Before we can generate separate tests, we must have the URLs ready. We cannot use cy.request to fetch the sitemap first, then generate new tests to run. We must fetch the sitemap before the spec loads. The best way to do this is to fetch the sitemap from the plugin file and pass the list to the spec file using the Cypress.env object.

You can use any NPM module or plain Node code to fetch the sitemap, I will use got and then will put the fetched list into the config.env object.

cypress/plugins/index.js
1
2
3
4
5
6
7
8
9
10
11
12
13
14
15
16
const got = require('got')
// use https://github.com/abdolence/x2js to parse XML to JSON
const X2JS = require('x2js')

module.exports = async (on, config) => {
const sitemapUrl = `${config.baseUrl}/sitemap.xml`
const xml = await got(sitemapUrl).text()
const x2js = new X2JS()
const json = x2js.xml2js(xml)
const urls = json.urlset.url.map((url) => url.loc)
console.log(urls)

config.env.sitemapUrls = urls
// make sure to return the changed config
return config
}

When I open the Cypress project, I should see the list of URLs in the "Settings / Configuration" tab.

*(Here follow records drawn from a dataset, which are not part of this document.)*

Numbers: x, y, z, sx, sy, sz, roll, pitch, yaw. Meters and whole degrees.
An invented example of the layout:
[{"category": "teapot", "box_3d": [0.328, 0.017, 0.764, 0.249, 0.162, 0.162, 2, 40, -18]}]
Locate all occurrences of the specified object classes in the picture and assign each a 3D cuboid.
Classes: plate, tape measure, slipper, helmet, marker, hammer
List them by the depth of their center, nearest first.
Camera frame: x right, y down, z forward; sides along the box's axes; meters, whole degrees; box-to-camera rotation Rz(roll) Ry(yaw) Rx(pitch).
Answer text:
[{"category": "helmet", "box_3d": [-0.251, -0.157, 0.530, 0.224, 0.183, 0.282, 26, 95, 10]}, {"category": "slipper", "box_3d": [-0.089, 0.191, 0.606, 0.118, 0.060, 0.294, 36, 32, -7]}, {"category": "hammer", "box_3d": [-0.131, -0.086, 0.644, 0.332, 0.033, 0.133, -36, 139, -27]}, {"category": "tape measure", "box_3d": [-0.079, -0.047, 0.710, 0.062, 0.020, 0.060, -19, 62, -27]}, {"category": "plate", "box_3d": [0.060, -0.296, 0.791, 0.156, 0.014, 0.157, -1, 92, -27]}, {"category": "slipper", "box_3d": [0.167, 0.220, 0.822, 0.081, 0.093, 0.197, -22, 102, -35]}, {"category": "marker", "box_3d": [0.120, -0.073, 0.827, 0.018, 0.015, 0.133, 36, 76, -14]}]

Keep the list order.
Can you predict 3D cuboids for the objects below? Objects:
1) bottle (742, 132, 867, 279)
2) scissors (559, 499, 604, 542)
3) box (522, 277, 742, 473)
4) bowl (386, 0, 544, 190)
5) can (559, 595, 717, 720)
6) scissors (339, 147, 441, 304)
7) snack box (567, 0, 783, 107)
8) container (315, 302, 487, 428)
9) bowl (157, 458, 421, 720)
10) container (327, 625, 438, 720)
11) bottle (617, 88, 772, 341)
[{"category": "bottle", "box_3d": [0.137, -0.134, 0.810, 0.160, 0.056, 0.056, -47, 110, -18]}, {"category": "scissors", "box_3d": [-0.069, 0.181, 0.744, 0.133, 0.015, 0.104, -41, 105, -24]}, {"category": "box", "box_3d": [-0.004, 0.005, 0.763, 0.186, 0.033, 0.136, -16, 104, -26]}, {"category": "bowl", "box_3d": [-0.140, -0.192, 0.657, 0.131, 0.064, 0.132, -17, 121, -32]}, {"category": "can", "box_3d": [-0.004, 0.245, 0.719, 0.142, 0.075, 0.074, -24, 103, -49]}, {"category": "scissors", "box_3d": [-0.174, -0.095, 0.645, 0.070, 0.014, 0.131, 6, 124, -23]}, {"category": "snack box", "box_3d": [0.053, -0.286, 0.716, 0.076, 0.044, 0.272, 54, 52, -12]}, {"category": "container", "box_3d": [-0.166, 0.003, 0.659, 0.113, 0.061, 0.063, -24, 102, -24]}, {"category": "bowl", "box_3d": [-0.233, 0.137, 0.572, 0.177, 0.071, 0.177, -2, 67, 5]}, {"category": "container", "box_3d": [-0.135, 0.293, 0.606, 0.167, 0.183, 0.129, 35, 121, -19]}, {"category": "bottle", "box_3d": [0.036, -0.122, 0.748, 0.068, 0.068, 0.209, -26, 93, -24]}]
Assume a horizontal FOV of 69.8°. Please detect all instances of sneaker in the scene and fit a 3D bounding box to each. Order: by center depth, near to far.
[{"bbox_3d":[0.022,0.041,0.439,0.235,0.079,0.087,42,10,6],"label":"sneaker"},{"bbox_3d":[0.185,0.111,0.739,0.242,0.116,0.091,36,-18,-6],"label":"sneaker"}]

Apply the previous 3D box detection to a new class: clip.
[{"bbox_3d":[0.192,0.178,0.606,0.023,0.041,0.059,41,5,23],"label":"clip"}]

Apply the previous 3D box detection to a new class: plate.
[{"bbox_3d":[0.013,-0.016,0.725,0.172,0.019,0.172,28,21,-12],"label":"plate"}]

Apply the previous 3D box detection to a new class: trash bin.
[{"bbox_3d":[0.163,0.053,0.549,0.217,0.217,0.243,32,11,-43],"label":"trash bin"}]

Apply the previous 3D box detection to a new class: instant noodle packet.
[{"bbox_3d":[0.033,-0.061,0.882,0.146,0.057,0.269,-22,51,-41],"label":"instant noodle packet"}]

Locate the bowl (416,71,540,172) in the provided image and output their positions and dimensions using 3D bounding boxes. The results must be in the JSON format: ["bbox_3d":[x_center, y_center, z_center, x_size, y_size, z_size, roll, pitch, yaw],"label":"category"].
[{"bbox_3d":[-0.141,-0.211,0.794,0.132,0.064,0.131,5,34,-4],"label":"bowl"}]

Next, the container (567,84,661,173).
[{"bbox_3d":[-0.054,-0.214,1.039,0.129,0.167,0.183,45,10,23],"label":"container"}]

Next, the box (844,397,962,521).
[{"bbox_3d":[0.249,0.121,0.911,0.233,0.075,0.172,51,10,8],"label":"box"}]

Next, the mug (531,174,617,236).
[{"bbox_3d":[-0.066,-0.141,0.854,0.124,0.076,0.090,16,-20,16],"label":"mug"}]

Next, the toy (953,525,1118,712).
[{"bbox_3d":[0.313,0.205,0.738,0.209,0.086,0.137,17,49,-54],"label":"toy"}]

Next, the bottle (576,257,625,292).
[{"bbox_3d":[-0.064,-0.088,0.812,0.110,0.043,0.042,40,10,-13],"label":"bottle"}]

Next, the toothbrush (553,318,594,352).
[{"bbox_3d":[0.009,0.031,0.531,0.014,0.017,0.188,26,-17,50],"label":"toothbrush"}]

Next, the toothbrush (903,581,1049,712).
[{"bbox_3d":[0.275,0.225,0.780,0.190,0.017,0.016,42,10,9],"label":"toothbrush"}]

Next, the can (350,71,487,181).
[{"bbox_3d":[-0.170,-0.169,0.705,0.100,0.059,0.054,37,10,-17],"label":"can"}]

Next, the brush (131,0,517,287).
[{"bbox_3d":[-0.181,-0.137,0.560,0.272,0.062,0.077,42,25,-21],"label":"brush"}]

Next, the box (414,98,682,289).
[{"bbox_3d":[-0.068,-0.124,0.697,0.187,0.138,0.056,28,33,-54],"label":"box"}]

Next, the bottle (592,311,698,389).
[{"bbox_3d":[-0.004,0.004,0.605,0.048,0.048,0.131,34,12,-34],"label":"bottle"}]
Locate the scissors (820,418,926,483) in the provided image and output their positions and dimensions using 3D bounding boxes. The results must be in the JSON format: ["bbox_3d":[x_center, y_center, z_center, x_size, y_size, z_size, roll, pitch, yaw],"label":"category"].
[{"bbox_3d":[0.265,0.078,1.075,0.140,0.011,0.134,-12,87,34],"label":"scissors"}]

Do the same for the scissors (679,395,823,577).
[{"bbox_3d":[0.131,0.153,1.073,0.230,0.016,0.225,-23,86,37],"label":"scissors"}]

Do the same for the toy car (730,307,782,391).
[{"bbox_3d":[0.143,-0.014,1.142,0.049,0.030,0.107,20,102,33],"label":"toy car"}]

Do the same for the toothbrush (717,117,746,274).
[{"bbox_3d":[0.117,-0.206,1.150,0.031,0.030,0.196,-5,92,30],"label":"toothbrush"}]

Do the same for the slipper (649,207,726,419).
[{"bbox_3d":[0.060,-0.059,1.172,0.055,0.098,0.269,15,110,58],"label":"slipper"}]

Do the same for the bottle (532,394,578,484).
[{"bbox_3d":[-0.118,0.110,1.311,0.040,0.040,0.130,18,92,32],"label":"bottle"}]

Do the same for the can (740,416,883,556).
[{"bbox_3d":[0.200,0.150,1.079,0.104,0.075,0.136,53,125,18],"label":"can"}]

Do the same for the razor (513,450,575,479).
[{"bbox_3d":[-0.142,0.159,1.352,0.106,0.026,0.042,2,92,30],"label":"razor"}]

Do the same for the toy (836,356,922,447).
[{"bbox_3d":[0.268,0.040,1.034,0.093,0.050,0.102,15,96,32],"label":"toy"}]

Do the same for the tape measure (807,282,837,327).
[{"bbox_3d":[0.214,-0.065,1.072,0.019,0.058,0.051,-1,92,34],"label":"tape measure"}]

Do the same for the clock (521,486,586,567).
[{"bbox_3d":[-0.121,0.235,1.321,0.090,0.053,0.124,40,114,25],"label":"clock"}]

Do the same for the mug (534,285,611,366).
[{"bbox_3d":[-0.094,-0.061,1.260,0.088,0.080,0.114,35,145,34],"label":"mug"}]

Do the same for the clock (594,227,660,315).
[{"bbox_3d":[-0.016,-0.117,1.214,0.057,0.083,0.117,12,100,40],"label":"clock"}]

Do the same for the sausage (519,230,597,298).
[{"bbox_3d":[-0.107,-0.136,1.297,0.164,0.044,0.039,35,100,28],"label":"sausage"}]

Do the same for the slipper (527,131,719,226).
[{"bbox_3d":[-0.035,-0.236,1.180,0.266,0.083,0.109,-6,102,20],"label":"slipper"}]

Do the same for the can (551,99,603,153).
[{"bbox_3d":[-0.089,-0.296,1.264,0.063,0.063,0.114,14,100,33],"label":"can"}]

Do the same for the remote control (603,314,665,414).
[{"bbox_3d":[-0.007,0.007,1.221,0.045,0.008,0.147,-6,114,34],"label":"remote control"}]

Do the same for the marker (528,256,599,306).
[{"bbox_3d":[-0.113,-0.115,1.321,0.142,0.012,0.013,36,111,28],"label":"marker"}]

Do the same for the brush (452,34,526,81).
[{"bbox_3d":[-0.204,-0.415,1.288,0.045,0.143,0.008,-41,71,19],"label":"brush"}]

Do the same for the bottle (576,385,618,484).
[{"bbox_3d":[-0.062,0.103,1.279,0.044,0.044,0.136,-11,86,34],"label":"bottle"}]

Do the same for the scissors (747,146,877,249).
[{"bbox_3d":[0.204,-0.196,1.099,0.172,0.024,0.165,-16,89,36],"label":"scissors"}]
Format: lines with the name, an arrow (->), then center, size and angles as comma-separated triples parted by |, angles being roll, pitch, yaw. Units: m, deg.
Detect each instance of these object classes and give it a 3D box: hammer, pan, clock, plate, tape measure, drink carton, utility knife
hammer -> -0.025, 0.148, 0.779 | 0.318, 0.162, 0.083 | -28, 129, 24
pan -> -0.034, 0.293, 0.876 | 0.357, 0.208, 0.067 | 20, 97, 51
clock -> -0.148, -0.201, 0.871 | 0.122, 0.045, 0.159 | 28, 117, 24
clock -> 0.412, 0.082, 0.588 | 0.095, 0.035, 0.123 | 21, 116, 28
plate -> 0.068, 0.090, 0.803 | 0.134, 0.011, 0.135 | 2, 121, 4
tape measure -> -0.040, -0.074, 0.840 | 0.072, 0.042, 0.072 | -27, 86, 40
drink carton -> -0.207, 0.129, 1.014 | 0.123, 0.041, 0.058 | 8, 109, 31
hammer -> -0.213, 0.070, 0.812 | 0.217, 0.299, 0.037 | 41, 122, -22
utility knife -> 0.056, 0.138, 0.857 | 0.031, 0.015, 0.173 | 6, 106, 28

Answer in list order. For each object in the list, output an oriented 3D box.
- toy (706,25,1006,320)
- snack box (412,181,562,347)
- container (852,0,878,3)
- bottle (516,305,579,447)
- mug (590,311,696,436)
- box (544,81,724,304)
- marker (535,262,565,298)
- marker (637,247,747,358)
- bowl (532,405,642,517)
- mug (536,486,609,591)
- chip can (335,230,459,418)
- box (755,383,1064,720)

The URLs fetched in the plugin file are available to every spec

When the spec loads in the browser, the sitemapUrl list is already set and is immediately available using Cypress.env('sitemapUrl') command. Now we can import the cypress-each plugin, which adds the it.each method to the global it function. We will have a separate test for each URL.

cypress/integration/sitemap-each.js
1
2
3
4
5
6
7
8
9
10
11
12
13
14
15
16
17
18
19
20
21
22
23
import 'cypress-each'

describe('Sitemap', () => {
// I like testing the input list of URLs in its own test
// you could also use "before" hook to confirm we have the URLs
it('has urls', () => {
expect(Cypress.env('sitemapUrls')).to.be.an('array').and.not.be.empty
})

const urls = Cypress.env('sitemapUrls').map((fullUrl) => {
const parsed = new URL(fullUrl)
return parsed.pathname
})

it.each(urls)('url %s', (url) => {
// check if the resource exists
cy.request('HEAD', url).its('status').should('eq', 200)
// check if the resource exists AND download it
cy.request(url).its('status').should('eq', 200)
// visit the page to check if it loads in the browser
cy.visit(url).wait(1000, { log: false })
})
})

The tests run and finish successfully

Checking each URL using its own separate test

We can always inspect each test using the time-traveling debugger

Inspect the page loaded by a previous test

You can watch me write the separate tests in the video below

Tip: for more tricks with data-driven tests using cypress-each plugin including running the tests in parallel, read the blog post Refactor Tests To Be Independent And Fast Using Cypress-Each Plugin.

Bonus

If you do not have sitemap, and need to crawl the local site pages by discovering the anchor links, it can be done by writing a recursive Cypress function, see the video Crawl Local Pages Using Cypress.